The "[m]oney still due and owing from the owner to the contractor at the time of the filing of the lien, plus any sums subsequently earned thereon, is known as the 'lien fund'" (id.). A lienor is limited to recovering from the lien fund (see C.C.C. Renovations, Inc. v Victoria Towers Dev. Corp., 168 AD3d at 666; Albert J. Bunce, Ltd. v Fahey, 73 AD2d 632, 632-633).
However, "[w]here sub-subcontractors are involved, this rule becomes more complex, because the principle of subrogation applies to all tiers of subcontractor liens" (Peri Formwork Sys., Inc. v Lumbermens Mut. Cas. Co., 112 AD3d at 176-177). In other words, "[e]ach party is subrogated to the rights of the contractor or subcontractor on the contracting tier above him [or her]" (id. at 177 [internal quotation marks omitted]). "Therefore, in the case of a sub-subcontractor . . . to a subcontractor, it may not enforce its lien for an amount in excess of either (1) the amount of money owed to him [or her] by the subcontractor; (2) the amount of money owed by the general contractor to the subcontractor; or (3) the amount of money owed by the owner to the general contractor" (id. [internal quotation marks omitted]; see NGU, Inc. v City of New York, 189 AD3d 850, 852).
The Supreme Court should have denied both motions for summary judgment due to triable issues of fact as to whether there was a lien fund from which the plaintiff could recover.
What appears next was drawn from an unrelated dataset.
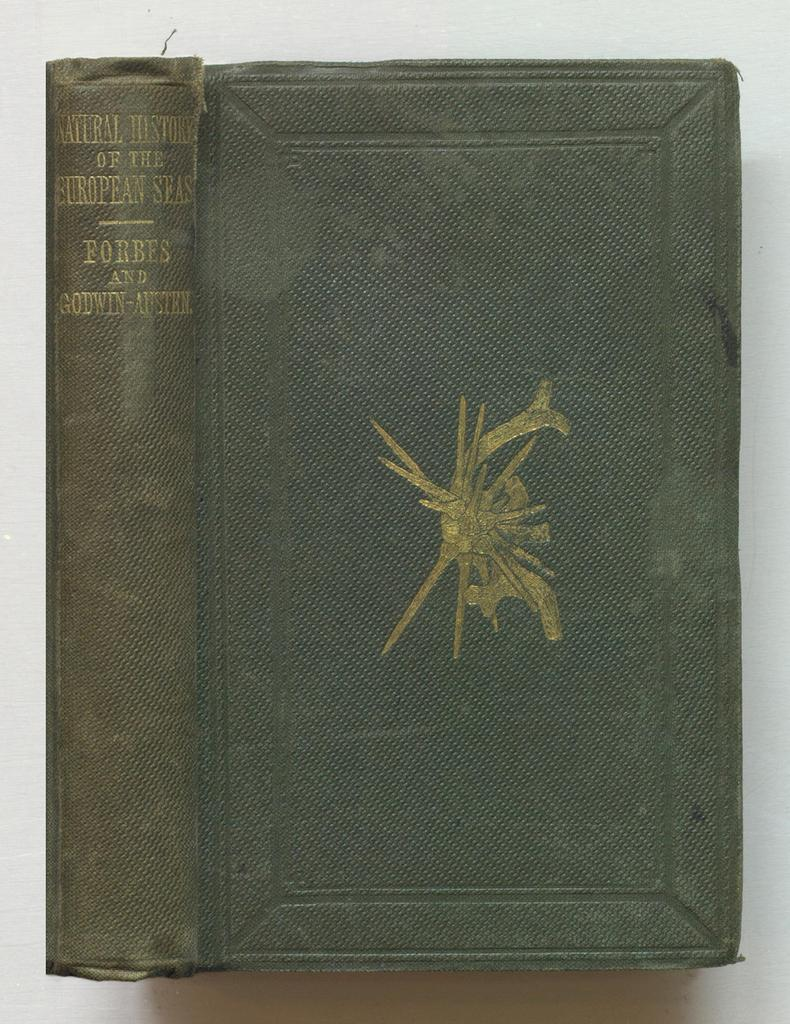<image>
Provide a brief description of the given image. The Natural History of the European Seas book has a discolored spine.

Contrary to the defendants' contentions, they failed to establish that there were no funds due and owing to East Coast, to which the plaintiff's respective liens could attach (see NGU, Inc. v City of New York, 189 AD3d at 852). An affidavit of Hermann Michlits, a senior project manager for Global, failed to account for or adequately explain certain balances, which accrued before the lien filing dates and were not satisfied until thereafter. Since the defendants failed to satisfy their prima facie burden, we need not address the sufficiency of the plaintiff's opposition papers (see Winegrad v New York Univ. Med. Ctr., 64 NY2d 851, 853).
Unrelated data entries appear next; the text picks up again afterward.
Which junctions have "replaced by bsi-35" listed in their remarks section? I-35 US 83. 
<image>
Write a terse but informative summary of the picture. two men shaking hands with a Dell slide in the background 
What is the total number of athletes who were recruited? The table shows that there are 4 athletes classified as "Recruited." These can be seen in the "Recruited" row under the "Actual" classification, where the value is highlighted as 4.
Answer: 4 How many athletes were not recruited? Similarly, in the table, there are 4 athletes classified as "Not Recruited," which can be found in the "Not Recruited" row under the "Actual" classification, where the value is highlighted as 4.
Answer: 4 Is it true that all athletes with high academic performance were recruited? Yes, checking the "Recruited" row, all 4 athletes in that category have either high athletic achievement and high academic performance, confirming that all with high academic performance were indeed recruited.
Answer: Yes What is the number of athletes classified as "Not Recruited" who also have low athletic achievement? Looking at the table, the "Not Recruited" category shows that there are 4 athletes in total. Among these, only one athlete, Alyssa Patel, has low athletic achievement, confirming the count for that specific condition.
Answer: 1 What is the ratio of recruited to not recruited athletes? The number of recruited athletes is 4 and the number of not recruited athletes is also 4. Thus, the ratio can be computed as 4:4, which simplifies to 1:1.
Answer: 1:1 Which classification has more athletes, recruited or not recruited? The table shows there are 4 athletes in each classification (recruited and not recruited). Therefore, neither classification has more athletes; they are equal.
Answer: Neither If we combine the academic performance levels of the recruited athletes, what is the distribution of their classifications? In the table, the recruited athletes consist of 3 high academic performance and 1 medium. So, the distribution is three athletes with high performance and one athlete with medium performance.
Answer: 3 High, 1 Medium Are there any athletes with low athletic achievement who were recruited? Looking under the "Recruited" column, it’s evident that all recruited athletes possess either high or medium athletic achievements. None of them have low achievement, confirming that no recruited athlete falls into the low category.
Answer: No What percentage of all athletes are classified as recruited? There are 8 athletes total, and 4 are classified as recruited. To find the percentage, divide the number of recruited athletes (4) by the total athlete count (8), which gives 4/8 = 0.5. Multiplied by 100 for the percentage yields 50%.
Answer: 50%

Similarly, the plaintiff failed to eliminate triable issues of fact as to the existence of eligible lien funds for the 2 North project and the Vanderbilt project.
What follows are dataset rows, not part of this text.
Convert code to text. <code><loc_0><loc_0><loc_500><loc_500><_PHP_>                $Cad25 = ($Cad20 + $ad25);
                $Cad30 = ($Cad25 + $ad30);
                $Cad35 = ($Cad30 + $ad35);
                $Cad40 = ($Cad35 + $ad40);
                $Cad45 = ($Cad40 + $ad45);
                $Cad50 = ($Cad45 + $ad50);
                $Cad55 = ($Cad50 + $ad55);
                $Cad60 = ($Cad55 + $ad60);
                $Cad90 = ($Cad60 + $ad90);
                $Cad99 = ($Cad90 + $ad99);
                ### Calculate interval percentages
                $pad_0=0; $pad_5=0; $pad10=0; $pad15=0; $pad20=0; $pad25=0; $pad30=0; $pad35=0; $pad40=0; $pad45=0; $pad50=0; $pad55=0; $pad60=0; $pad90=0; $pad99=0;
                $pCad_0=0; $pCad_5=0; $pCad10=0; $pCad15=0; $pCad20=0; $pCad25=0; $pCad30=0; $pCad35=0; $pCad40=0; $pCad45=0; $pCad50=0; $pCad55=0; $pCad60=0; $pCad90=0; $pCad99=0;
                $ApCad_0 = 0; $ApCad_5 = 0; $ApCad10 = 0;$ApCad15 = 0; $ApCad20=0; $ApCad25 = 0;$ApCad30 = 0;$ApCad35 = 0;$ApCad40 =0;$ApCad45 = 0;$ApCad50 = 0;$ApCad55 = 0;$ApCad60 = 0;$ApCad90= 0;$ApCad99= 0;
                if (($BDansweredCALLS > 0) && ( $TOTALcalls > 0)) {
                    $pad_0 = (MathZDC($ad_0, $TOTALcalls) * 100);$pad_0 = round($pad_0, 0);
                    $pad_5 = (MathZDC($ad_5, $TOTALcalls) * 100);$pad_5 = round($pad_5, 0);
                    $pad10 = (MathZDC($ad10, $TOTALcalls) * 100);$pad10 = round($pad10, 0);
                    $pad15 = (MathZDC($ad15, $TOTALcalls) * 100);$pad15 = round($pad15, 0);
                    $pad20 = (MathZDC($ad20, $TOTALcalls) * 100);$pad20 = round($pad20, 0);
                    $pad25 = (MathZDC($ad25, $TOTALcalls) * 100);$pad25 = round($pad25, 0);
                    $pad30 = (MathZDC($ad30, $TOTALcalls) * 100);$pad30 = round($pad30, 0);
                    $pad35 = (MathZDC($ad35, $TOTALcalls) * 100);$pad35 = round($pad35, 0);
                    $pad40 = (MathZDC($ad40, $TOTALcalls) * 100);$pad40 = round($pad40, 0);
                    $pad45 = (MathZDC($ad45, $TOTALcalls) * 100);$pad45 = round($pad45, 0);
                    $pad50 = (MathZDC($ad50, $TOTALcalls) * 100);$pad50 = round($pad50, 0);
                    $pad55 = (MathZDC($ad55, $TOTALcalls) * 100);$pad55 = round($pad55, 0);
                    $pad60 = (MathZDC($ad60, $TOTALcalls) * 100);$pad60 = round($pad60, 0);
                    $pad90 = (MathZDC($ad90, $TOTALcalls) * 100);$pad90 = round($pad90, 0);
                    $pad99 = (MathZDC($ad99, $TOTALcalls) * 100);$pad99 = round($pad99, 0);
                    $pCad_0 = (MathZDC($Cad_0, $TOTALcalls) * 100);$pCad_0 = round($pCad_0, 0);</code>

The parties' remaining contentions either are without merit or need not be reached in light of our determination.
Accordingly, the Supreme Court properly denied the plaintiff's motion for summary judgment on the amended complaint insofar as asserted against the defendants, but erred in granting the defendants' motion for summary judgment dismissing the amended complaint insofar as asserted against them.
BRATHWAITE NELSON, J.P., VOUTSINAS, TAYLOR and GOLIA, JJ., concur.